So we’ve got a game that mimics the standard match types, borrows the appeal of GITS while doing little to replicate it, and seems to be perfectly fine with that. The attitude of the dev’s is pretty obvious from their development posts; one of which where they lament the artist produced a Think-Tank design with a gun on it’s tail, and this would grant them a third weapon so it’s out of the question…. Despite such a design starring in one of the first episodes of the show. 

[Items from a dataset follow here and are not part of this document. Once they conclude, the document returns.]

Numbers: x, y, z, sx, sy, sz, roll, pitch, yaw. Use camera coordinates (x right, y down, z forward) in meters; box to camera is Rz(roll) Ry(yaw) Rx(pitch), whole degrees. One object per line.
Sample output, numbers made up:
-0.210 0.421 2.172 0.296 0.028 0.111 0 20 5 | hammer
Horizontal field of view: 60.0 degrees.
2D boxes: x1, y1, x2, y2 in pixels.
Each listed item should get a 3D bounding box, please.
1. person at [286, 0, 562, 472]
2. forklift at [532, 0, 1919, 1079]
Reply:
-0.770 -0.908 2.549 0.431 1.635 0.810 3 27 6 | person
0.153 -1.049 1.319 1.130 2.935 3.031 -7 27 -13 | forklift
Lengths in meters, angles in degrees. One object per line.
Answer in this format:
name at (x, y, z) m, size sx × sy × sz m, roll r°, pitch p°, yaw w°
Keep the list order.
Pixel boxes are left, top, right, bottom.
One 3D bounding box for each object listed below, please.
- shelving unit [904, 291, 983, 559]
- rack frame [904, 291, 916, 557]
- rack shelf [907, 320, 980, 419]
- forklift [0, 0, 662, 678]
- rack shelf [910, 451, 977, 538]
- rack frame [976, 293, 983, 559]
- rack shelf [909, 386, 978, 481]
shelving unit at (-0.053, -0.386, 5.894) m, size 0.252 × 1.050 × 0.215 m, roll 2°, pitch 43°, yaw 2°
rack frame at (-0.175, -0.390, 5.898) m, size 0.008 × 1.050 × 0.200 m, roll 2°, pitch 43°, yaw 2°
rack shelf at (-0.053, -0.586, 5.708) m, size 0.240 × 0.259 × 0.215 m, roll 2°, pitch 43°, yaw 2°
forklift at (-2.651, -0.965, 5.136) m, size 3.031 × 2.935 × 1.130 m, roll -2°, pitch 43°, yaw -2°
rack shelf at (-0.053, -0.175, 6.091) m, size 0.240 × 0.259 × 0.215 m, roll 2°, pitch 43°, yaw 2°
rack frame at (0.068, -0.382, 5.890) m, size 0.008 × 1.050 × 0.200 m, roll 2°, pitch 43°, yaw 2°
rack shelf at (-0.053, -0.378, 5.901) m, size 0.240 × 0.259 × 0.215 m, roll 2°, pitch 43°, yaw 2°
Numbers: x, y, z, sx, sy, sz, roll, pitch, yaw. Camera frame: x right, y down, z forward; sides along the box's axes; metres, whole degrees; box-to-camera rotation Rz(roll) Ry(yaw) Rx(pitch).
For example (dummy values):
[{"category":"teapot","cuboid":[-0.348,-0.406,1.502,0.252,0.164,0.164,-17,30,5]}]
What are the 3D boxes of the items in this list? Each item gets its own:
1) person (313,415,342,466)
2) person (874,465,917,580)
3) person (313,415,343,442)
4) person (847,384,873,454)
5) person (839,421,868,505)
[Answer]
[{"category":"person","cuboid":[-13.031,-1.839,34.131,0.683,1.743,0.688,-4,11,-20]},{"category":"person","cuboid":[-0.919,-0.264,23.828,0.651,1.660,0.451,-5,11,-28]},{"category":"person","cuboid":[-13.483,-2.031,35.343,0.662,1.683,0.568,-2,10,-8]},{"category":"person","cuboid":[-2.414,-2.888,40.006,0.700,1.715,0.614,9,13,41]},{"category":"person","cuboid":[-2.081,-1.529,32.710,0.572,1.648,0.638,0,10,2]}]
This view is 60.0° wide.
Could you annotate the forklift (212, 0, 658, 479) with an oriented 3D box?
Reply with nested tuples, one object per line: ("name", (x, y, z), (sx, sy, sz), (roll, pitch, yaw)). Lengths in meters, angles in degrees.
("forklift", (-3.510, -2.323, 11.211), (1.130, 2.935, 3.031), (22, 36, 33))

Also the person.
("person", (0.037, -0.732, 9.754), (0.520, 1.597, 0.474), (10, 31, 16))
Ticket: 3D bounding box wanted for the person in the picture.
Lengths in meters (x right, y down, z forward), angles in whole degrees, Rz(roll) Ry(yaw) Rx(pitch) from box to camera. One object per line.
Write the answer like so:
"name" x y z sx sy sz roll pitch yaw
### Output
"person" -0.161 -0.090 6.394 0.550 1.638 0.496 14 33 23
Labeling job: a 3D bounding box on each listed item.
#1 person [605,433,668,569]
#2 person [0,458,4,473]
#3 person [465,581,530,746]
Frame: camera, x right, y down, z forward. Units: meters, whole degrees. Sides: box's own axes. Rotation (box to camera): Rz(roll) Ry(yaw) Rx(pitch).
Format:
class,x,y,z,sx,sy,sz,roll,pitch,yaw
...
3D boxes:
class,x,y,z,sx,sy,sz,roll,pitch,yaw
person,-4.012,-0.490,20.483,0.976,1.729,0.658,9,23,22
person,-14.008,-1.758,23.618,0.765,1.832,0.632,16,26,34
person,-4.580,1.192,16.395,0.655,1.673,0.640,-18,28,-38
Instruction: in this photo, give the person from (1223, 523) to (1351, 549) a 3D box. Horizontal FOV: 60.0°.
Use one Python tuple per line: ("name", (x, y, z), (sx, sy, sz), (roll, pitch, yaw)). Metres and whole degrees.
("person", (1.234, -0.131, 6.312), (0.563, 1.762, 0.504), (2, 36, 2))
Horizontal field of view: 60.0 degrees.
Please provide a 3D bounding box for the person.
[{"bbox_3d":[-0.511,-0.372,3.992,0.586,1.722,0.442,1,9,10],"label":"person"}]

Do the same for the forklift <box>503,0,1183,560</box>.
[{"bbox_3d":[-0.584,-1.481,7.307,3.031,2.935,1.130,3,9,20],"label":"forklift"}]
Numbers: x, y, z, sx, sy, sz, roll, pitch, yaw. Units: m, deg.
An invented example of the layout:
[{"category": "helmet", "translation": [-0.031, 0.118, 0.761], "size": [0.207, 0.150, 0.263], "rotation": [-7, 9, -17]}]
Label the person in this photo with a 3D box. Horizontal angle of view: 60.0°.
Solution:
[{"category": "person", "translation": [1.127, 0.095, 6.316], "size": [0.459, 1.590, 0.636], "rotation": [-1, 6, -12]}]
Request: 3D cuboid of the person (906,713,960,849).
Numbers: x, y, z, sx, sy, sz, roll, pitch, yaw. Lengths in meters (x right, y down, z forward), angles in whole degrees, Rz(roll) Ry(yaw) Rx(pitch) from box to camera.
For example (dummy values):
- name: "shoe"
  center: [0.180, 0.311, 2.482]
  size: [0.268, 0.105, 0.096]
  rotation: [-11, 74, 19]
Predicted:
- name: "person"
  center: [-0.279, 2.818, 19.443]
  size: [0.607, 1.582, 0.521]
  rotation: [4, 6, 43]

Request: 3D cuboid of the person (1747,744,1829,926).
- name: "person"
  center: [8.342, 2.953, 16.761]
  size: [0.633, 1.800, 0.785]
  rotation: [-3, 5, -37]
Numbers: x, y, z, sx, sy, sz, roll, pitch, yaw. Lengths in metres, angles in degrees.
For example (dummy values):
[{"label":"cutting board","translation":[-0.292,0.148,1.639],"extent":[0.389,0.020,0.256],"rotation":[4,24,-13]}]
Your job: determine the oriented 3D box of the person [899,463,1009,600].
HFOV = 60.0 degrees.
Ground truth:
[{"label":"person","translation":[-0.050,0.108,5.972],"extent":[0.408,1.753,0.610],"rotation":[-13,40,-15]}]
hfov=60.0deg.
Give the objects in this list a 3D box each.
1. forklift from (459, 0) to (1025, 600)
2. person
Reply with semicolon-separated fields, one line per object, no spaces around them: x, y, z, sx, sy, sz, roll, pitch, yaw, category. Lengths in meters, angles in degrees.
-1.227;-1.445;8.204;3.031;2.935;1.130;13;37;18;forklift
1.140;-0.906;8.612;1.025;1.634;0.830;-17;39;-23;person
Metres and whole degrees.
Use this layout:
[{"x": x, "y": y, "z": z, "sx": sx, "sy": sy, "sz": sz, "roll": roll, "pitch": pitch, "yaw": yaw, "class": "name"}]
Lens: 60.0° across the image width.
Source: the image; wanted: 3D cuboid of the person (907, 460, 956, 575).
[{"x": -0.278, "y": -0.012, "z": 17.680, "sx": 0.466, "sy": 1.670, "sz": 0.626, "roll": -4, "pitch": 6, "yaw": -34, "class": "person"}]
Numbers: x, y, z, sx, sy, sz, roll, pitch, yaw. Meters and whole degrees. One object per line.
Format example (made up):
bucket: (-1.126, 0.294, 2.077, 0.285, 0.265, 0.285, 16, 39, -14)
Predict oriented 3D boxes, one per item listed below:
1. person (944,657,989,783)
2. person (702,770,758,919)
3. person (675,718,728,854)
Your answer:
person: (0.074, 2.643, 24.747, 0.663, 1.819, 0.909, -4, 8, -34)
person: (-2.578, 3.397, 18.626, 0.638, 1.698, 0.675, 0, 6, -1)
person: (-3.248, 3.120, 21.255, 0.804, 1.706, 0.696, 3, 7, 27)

But what must bother me most is how this get’s a free pass from it’s audience where other games like the infamous Shadowrun PC/Xbox game that reduces the license to a match based shooter modeled after counter-strike; yet I don’t see anywhere near the kind of flak that Shadowrun got despite doing the same thing yet worse. I ended up having fun at first because I got kills, then comes the realization that either camping or superior reflexes is the sole factor. This ended up losing it’s fun factor quite quickly, making me just want to watch the anime rather than this game.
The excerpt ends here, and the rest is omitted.